Una riflessione sul potere terapeutico della scrittura, dagli autori del passato all’epoca dei social, con qualche consiglio per vincere il blocco da foglio bianco

Adriana Scatolone

Collage di immagini: interno Facebook, quaderno con matita, libro, penna che scrive, schermo pc

Scrivere può essere terapeutico, al di là del mezzo utilizzato

“Avanti allora! È un momento penoso, quasi insormontabile: devo affidare il mio animo represso a uno stupido foglio di carta a righe”: così scrive Etty Hillesum, giovane studiosa ebrea, mentre vive ad Amsterdam in piena epoca nazista. Grazie alle pagine del suo diario, dà un ordine ai suoi pensieri e nel momento più buio di tutta la storia dell’umanità riesce a mettere nero su bianco tutto quello che c’è di bello nella vita, senza mai lasciarsi prendere dallo sconforto.
Nella letteratura di tutti i tempi vi sono numerosissimi esempi di autori che hanno affidato le loro paure alle pagine di un diario o di una lettera. Già nell’8 d.C, il poeta latino Ovidio, esiliato a Tomi per volere di Augusto, confessa nei Tristia che, in una situazione in cui gli è negato ogni tipo di comunicazione, la scrittura è per lui fonte di consolazione, in grado di attutire il suo dolore. Casanova, imprigionato nel 1755, diceva: “Se un prigioniero è un letterato, gli si dia un tavolo e della carta e la sua infelicità diminuirà di nove decimi”. E ancora Cervantes, Antonio Gramsci, Anna Frank, personaggi della nostra più alta tradizione hanno sfruttato il potere terapeutico della scrittura, che permette di rielaborare ciò che per noi risulta più difficoltoso affrontare.
Oggi è ancora vivo questo approccio allo scrivere?

In particolare tra le nuove generazioni, il classico diario è stato sostituito dai social. Basta pensare a Facebook: non appena si effettua l’accesso, si viene accolti con la domanda “A cosa stai pensando?” che ci invita a condividere le nostre riflessioni sul “diario” personale.

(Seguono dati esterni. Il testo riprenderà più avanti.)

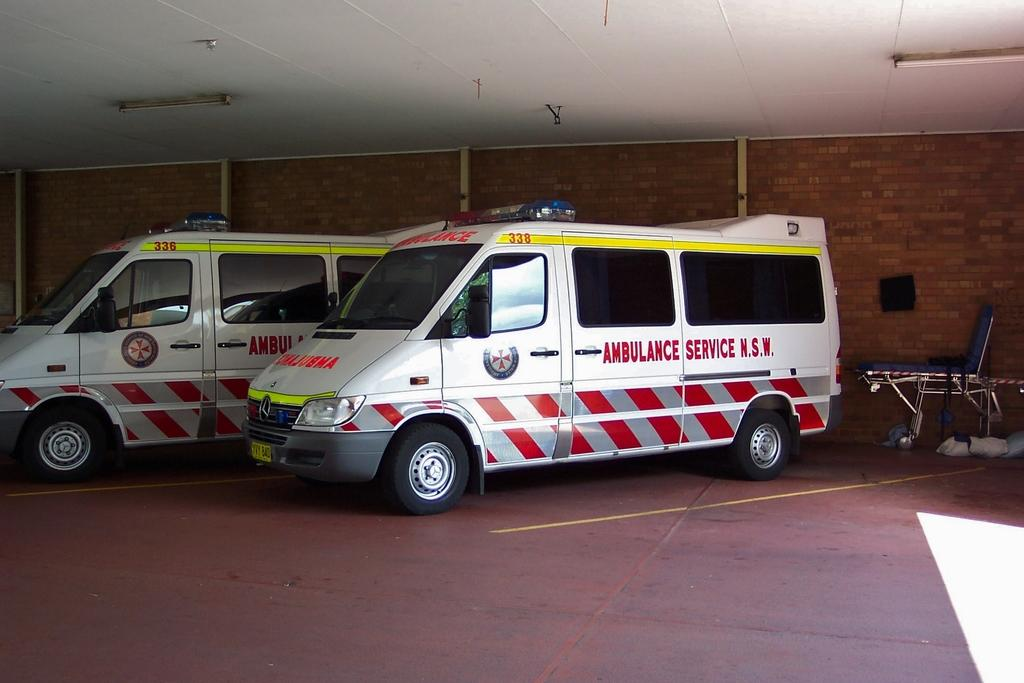<image>
Summarize the visual content of the image. The Ambulance service is from New South Wales.

Apparentemente poco cambia dal format tradizionale, tanto che ogni anno ci vengono mostrati i nostri ricordi passati, proprio come se sfogliassimo nuovamente le pagine che abbiamo condiviso. Ma è proprio nella parola “condividere” che risiede la grande differenza con le modalità di scrittura del passato: qualsiasi pensiero venga postato, raggiunge un pubblico più o meno ristretto e più o meno conosciuto. Questo particolare sicuramente tende a frenare la nostra mente e in parte anche a censurarla, perché non è per nulla facile esternare agli altri i nostri sentimenti più profondi.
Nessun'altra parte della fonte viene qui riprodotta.